Nancy Grover is co-Chair of the National Workers’ Compensation and Disability Conference and Editor of Workers' Compensation Report, a publication of our parent company, LRP Publications. She can be reached at

Non-Formulary Drugs

Closed Formulary Could Decrease Use of ‘N’ Drugs

The recent success of the closed pharmacy formulary in the Texas workers’ comp system shows promise for other states, especially in regions where non-formulary drugs are prevalent.
By: | July 21, 2014 • 3 min read

The recent success of the closed pharmacy formulary in the Texas workers’ comp system has caught the attention of practitioners in other states. A new report from the Workers Compensation Research Institute concludes that, all things being equal, other states could see similar results.

Texas was the first multi-payor state to adopt a formulary that requires pre-authorization for certain medications deemed as investigational, experimental, and those with “N” drug status under the Official Disability Guidelines, including many opioids. A study by the Texas Department of Insurance last year showed the formulary resulted in a decrease of about 80 percent in payments made for non-formulary drug prescriptions.

“If other states are able to successfully implement a Texas-like formulary, there is a huge potential for decreasing the utilization of the drugs designated as non-formulary drugs by Texas,” the report says, “which may in turn lead to substantial prescription cost savings in all states, particularly New York.”

The study looked at 23 states in terms of how a closed formulary might affect the prevalence and costs of drugs. Non-formulary drugs — those requiring pre-authorization in the Texas system — were most prevalent in New York.

The Texas study found physicians reduced prescriptions for non-formulary drugs by 70 percent and infrequently substituted formulary drugs for non-formulary drugs in response to the closed formulary. In assessing the potential impact of a closed formulary in the other states, the authors considered various alternative assumptions about how physician prescribing practices might change.

In the scenario where the response of physicians in other states is similar to that of their Texas counterparts, total prescription costs could be reduced by 14-29 percent among the study states with New York on the higher end. “Other states that could realize potential prescription cost savings of 20 percent and higher are New Jersey, Virginia, Massachusetts, Pennsylvania, Connecticut, and Maryland,” the report said. “Even at the lower end, states like California and Missouri might reduce their prescription drug spending by 14 percent.”
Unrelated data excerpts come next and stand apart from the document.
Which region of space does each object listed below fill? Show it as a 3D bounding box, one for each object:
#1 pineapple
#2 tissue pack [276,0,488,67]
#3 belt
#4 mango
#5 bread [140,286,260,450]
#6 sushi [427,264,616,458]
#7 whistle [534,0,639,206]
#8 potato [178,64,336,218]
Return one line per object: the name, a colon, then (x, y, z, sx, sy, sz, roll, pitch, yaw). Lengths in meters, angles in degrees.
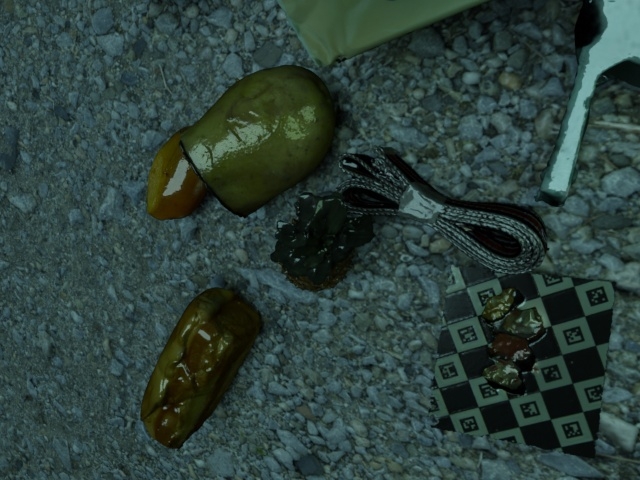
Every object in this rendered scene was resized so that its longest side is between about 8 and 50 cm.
pineapple: (0.000, 0.000, 0.769, 0.170, 0.310, 0.141, -14, 79, -4)
tissue pack: (0.150, -0.441, 0.595, 0.404, 0.332, 0.205, -11, 138, 30)
belt: (0.188, -0.051, 0.778, 0.359, 0.094, 0.126, 28, 110, 21)
mango: (-0.295, -0.141, 1.012, 0.141, 0.102, 0.217, 43, 115, 41)
bread: (-0.269, 0.268, 1.021, 0.148, 0.195, 0.344, 34, 110, 12)
sushi: (0.319, 0.188, 0.779, 0.263, 0.050, 0.290, 5, 100, 12)
whistle: (0.383, -0.238, 0.598, 0.188, 0.168, 0.405, 47, 116, 12)
potato: (-0.094, -0.191, 0.854, 0.265, 0.229, 0.229, -29, 85, 13)
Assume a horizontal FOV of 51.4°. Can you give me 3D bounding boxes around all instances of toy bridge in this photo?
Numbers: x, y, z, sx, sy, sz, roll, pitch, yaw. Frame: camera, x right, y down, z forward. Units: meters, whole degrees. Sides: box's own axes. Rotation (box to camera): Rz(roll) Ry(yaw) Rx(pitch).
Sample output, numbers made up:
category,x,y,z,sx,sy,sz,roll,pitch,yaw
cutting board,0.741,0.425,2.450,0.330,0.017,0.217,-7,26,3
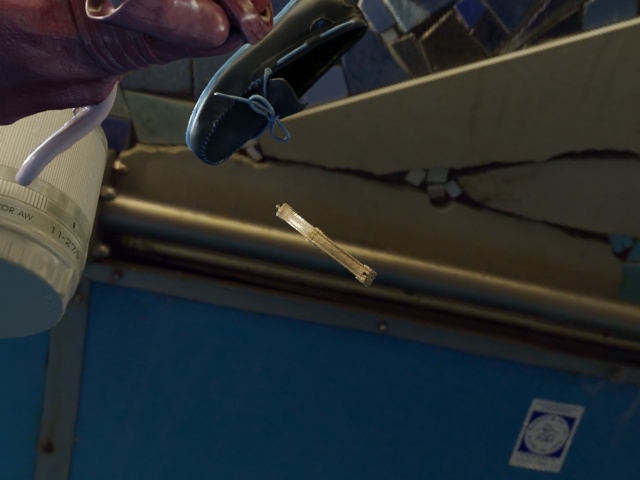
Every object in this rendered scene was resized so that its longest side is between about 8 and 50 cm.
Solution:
category,x,y,z,sx,sy,sz,roll,pitch,yaw
toy bridge,0.000,0.000,0.989,0.188,0.026,0.063,38,180,24

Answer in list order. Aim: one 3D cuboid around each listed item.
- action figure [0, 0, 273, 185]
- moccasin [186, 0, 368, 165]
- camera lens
category,x,y,z,sx,sy,sz,roll,pitch,yaw
action figure,-0.156,-0.164,0.508,0.370,0.275,0.248,-6,-144,15
moccasin,-0.069,-0.243,1.017,0.117,0.342,0.138,45,-169,21
camera lens,-0.383,-0.049,0.794,0.219,0.219,0.274,9,-127,-16
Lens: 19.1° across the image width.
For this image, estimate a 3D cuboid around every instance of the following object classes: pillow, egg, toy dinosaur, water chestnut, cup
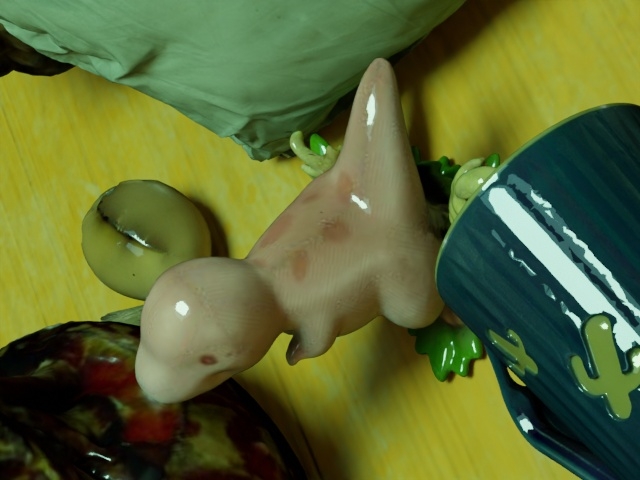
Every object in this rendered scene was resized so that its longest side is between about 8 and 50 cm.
[{"bbox_3d":[-0.025,-0.179,0.964,0.310,0.283,0.138,-37,41,29],"label":"pillow"},{"bbox_3d":[-0.100,0.002,1.127,0.083,0.071,0.071,38,108,36],"label":"egg"},{"bbox_3d":[-0.003,-0.006,0.967,0.194,0.177,0.152,-52,54,21],"label":"toy dinosaur"},{"bbox_3d":[-0.131,0.175,1.008,0.289,0.244,0.289,-7,80,44],"label":"water chestnut"},{"bbox_3d":[0.144,0.050,0.872,0.155,0.131,0.176,51,145,32],"label":"cup"}]

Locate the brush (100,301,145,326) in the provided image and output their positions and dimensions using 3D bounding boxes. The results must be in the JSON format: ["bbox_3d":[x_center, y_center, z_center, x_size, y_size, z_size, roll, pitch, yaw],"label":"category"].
[{"bbox_3d":[-0.069,0.046,1.129,0.170,0.014,0.043,-17,73,39],"label":"brush"}]

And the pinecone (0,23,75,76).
[{"bbox_3d":[-0.188,-0.213,1.133,0.257,0.243,0.243,26,100,41],"label":"pinecone"}]
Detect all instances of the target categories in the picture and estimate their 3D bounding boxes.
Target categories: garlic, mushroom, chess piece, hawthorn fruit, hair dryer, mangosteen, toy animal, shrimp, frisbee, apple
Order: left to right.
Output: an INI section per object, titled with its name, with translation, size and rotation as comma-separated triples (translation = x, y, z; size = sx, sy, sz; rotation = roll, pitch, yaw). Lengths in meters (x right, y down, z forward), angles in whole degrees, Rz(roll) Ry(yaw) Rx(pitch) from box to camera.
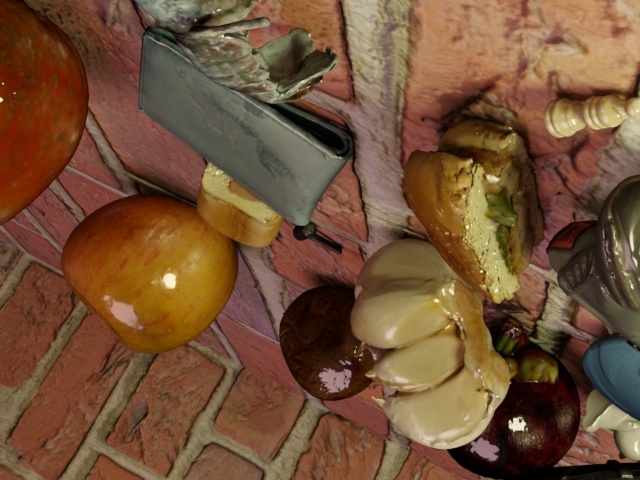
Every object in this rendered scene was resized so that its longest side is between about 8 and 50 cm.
[hawthorn fruit]
translation = -0.529, -0.177, 1.364
size = 0.403, 0.403, 0.403
rotation = 27, 163, 9
[apple]
translation = -0.303, 0.048, 1.887
size = 0.299, 0.275, 0.299
rotation = 40, 168, 11
[shrimp]
translation = -0.094, -0.236, 0.884
size = 0.221, 0.166, 0.410
rotation = 51, 171, 31
[hair dryer]
translation = 0.000, 0.000, 1.636
size = 0.083, 0.026, 0.047
rotation = 31, 165, -17
[mushroom]
translation = 0.013, 0.174, 1.835
size = 0.231, 0.194, 0.138
rotation = -4, 145, 44
[garlic]
translation = 0.143, 0.136, 1.451
size = 0.203, 0.185, 0.281
rotation = -25, 94, 28
[mangosteen]
translation = 0.277, 0.230, 1.564
size = 0.228, 0.228, 0.265
rotation = 18, 128, 34
[chess piece]
translation = 0.238, -0.110, 0.901
size = 0.035, 0.035, 0.092
rotation = 39, 157, -29
[toy animal]
translation = 0.484, 0.279, 1.578
size = 0.182, 0.131, 0.127
rotation = 45, -169, -23
[frisbee]
translation = 0.479, 0.216, 1.370
size = 0.289, 0.049, 0.289
rotation = 24, 156, 11

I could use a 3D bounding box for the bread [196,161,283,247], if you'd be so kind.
[bread]
translation = -0.112, -0.060, 1.536
size = 0.134, 0.085, 0.173
rotation = 27, 162, -3

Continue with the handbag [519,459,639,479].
[handbag]
translation = 0.402, 0.376, 1.570
size = 0.254, 0.089, 0.211
rotation = -8, 173, 5

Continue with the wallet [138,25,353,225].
[wallet]
translation = -0.105, -0.145, 1.337
size = 0.290, 0.054, 0.251
rotation = 35, 159, -2

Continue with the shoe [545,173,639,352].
[shoe]
translation = 0.299, 0.015, 1.036
size = 0.171, 0.132, 0.336
rotation = 29, 169, 36

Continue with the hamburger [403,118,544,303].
[hamburger]
translation = 0.156, -0.033, 1.102
size = 0.131, 0.124, 0.262
rotation = 22, 161, 26
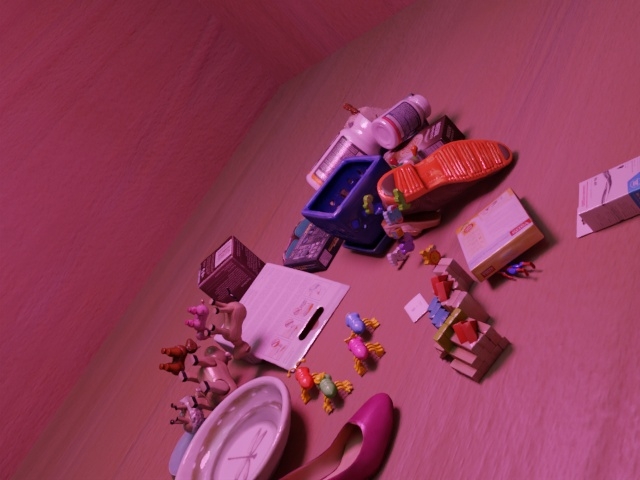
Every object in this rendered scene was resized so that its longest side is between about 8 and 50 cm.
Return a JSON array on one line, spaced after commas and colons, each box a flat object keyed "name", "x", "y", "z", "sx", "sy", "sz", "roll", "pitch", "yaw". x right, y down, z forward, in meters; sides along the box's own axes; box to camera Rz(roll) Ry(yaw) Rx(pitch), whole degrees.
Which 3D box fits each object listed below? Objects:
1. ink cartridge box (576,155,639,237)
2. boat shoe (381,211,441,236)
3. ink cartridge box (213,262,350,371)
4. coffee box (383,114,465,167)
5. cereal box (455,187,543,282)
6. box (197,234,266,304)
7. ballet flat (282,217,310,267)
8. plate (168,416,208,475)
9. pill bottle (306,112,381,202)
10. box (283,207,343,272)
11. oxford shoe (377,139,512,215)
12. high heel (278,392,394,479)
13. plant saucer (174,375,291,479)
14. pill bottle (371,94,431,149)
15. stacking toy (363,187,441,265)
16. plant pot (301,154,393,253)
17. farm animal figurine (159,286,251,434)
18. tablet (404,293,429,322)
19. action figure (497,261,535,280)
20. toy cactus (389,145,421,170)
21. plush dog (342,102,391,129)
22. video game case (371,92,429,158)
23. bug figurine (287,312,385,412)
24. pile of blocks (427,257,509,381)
[{"name": "ink cartridge box", "x": 0.589, "y": -0.088, "z": 1.515, "sx": 0.180, "sy": 0.060, "sz": 0.104, "roll": -28, "pitch": 29, "yaw": 38}, {"name": "boat shoe", "x": 0.255, "y": -0.042, "z": 2.042, "sx": 0.170, "sy": 0.059, "sz": 0.063, "roll": -6, "pitch": 34, "yaw": 28}, {"name": "ink cartridge box", "x": -0.106, "y": 0.238, "z": 2.229, "sx": 0.384, "sy": 0.091, "sz": 0.308, "roll": 13, "pitch": 60, "yaw": 46}, {"name": "coffee box", "x": 0.305, "y": -0.254, "z": 2.253, "sx": 0.246, "sy": 0.098, "sz": 0.141, "roll": -31, "pitch": 26, "yaw": 34}, {"name": "cereal box", "x": 0.405, "y": -0.016, "z": 1.713, "sx": 0.173, "sy": 0.047, "sz": 0.240, "roll": -39, "pitch": 17, "yaw": 17}, {"name": "box", "x": -0.286, "y": 0.128, "z": 2.526, "sx": 0.167, "sy": 0.203, "sz": 0.168, "roll": -41, "pitch": 22, "yaw": 13}, {"name": "ballet flat", "x": -0.076, "y": 0.008, "z": 2.544, "sx": 0.222, "sy": 0.076, "sz": 0.079, "roll": -62, "pitch": 7, "yaw": -32}, {"name": "plate", "x": -0.360, "y": 0.590, "z": 2.118, "sx": 0.188, "sy": 0.024, "sz": 0.188, "roll": -37, "pitch": 25, "yaw": 21}, {"name": "pill bottle", "x": 0.093, "y": -0.261, "z": 2.406, "sx": 0.278, "sy": 0.162, "sz": 0.162, "roll": -51, "pitch": 21, "yaw": 10}, {"name": "box", "x": 0.000, "y": 0.000, "z": 2.420, "sx": 0.183, "sy": 0.059, "sz": 0.233, "roll": -11, "pitch": 41, "yaw": 51}, {"name": "oxford shoe", "x": 0.333, "y": -0.163, "z": 1.983, "sx": 0.363, "sy": 0.133, "sz": 0.130, "roll": -17, "pitch": 55, "yaw": 4}, {"name": "high heel", "x": 0.011, "y": 0.439, "z": 1.499, "sx": 0.127, "sy": 0.181, "sz": 0.377, "roll": -12, "pitch": 40, "yaw": 54}, {"name": "plant saucer", "x": -0.195, "y": 0.526, "z": 1.829, "sx": 0.400, "sy": 0.100, "sz": 0.400, "roll": -38, "pitch": 24, "yaw": 20}, {"name": "pill bottle", "x": 0.254, "y": -0.371, "z": 2.295, "sx": 0.180, "sy": 0.108, "sz": 0.108, "roll": -38, "pitch": 18, "yaw": -22}, {"name": "stacking toy", "x": 0.206, "y": -0.031, "z": 1.911, "sx": 0.052, "sy": 0.221, "sz": 0.167, "roll": -33, "pitch": 13, "yaw": -26}, {"name": "plant pot", "x": 0.121, "y": -0.094, "z": 2.164, "sx": 0.236, "sy": 0.212, "sz": 0.236, "roll": -52, "pitch": 24, "yaw": -13}, {"name": "farm animal figurine", "x": -0.301, "y": 0.350, "z": 2.130, "sx": 0.330, "sy": 0.172, "sz": 0.327, "roll": -40, "pitch": 51, "yaw": 34}, {"name": "tablet", "x": 0.233, "y": 0.163, "z": 1.800, "sx": 0.054, "sy": 0.006, "sz": 0.083, "roll": -44, "pitch": 22, "yaw": 7}, {"name": "action figure", "x": 0.417, "y": 0.064, "z": 1.611, "sx": 0.038, "sy": 0.030, "sz": 0.115, "roll": -47, "pitch": 17, "yaw": -17}, {"name": "toy cactus", "x": 0.281, "y": -0.210, "z": 2.080, "sx": 0.218, "sy": 0.180, "sz": 0.112, "roll": 12, "pitch": 96, "yaw": 25}, {"name": "plush dog", "x": 0.137, "y": -0.369, "z": 2.672, "sx": 0.263, "sy": 0.210, "sz": 0.225, "roll": -65, "pitch": 4, "yaw": -38}, {"name": "video game case", "x": 0.234, "y": -0.324, "z": 2.434, "sx": 0.274, "sy": 0.026, "sz": 0.196, "roll": -34, "pitch": 69, "yaw": 30}, {"name": "bug figurine", "x": 0.040, "y": 0.293, "z": 1.840, "sx": 0.279, "sy": 0.072, "sz": 0.216, "roll": -47, "pitch": 22, "yaw": -2}, {"name": "pile of blocks", "x": 0.274, "y": 0.153, "z": 1.604, "sx": 0.149, "sy": 0.112, "sz": 0.362, "roll": -41, "pitch": 22, "yaw": 14}]

Some states may instead see physicians substitute with formulary drugs more frequently than Texas physicians did. “States may realize sizable but lower cost savings if all non-formulary drugs are substituted with other drugs,” the report states. “We estimated that within-class substitution of all non-formulary drugs with formulary drugs may reduce prescription costs by 4 to 16 percent in other study states.”

Cost savings could be greater in states where brand name medications are common. Even if physicians substituted all non-formulary drugs with cheaper generic alternatives, there could be substantial cost savings.

The researchers noted that the formulary is only one aspect of the Texas workers’ comp system that may differ from those in other states. States that do not have a “well-defined” utilization review process might see less cost savings due to the increased litigation.

Nonetheless, the authors said non-formulary drugs were prevalent in the 23 states studied, which could result in at least some cost savings. “States with higher prevalence [of non-formulary drugs] like New York, and Louisiana, have a larger scope for reducing the use of non-formulary drugs. In these states, workers’ compensation payors have an opportunity for more active management of prescribing patterns.”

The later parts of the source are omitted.